India sends equipment and team to control Mauritius oil disaster!
Galatta | Aug 16, 2020, 08:34 pm
The year 2020 has been a very difficult one for most people in general! The unprecedented losses to lives, livelihoods and morale due to the COVID-19 Novel Corona Virus Pandemic is something that we haven't even gotten to terms with. There have been numerous natural and man-engineered disasters, other than the Corona Virus too. Recently, a disastrous oil spill along the South East coast of Mauritius, came to light! A Japanese bulk carrier ship ran aground against a coral reef off the coast of Mauritius, in late July. This ship has now been spilling hundreds of tonnes of oil into the ocean, in the environmentally sensitive region, for the past couple of days! On Saturday, Mauritian authorities revealed that the ship - MV Wakashio broke apart.

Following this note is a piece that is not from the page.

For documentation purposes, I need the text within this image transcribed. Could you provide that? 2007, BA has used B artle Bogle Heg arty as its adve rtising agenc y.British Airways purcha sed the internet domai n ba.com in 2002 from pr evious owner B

The Mauritian Prime Minister Pravind Jugnauth declared a state of environmental emergency last week and sought international assistance to deal with with this difficult situation. Responding to this request, the Indian government has sent 30 tonnes of technical equipment and a team of 10 members to Mauritius, to help deal with this environmental crisis. The Ministry of External Affaires (MEA) released a statement telling, "In response to a request of the government of Mauritius for assistance in dealing with the environmental crisis due to oil spill on its South-East coast, the government of India has dispatched over 30 tonnes of technical equipment and material on board an IAF aircraft to Mauritius to supplement the country's ongoing oil spill containment and salvage operations!"

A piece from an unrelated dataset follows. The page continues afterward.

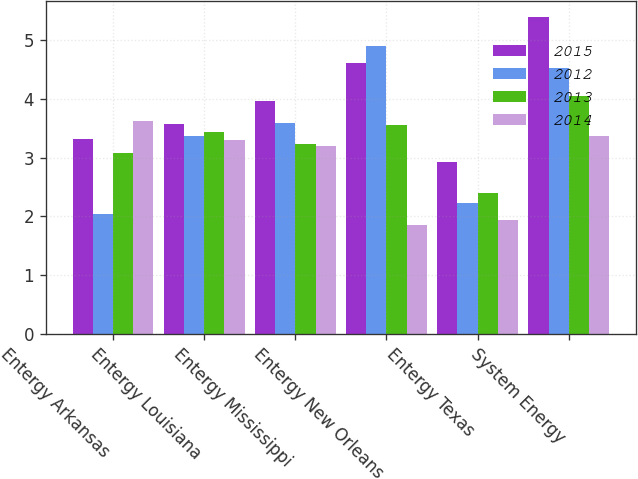<chart> <loc_0><loc_0><loc_500><loc_500><stacked_bar_chart><ecel><fcel>Entergy Arkansas<fcel>Entergy Louisiana<fcel>Entergy Mississippi<fcel>Entergy New Orleans<fcel>Entergy Texas<fcel>System Energy<nl><fcel>2015<fcel>3.32<fcel>3.57<fcel>3.96<fcel>4.61<fcel>2.92<fcel>5.39<nl><fcel>2012<fcel>2.04<fcel>3.36<fcel>3.59<fcel>4.9<fcel>2.22<fcel>4.53<nl><fcel>2013<fcel>3.08<fcel>3.44<fcel>3.23<fcel>3.55<fcel>2.39<fcel>4.04<nl><fcel>2014<fcel>3.62<fcel>3.3<fcel>3.19<fcel>1.85<fcel>1.94<fcel>3.36<nl></chart>

The statement went on to reveal that the assistance shipment contains specialised equipment including ocean booms, river booms, disc skimmers, heli skimmers, power packs, blowers, salvage barge and oil absorbent graphene pads and other accessories. India has also sent Mauritius essential medicines and other materials to help it deal with the COVID pandemic. The 10-member team sent to Mauritius contains a Technical Response Team of Indian Coast Guard members. Scientists analysing this oil spill are still determining the damage it has caused but state that the impact could affect Mauritius and its tourism-driven economy for decades. Rough weather conditions are making it difficult to remove the remaining oil from the ship. The remainder of the ship after it broke apart, is being gently towed towards high seas by two tugs. This oil spill is considered to be the country's worst ecological disaster ever!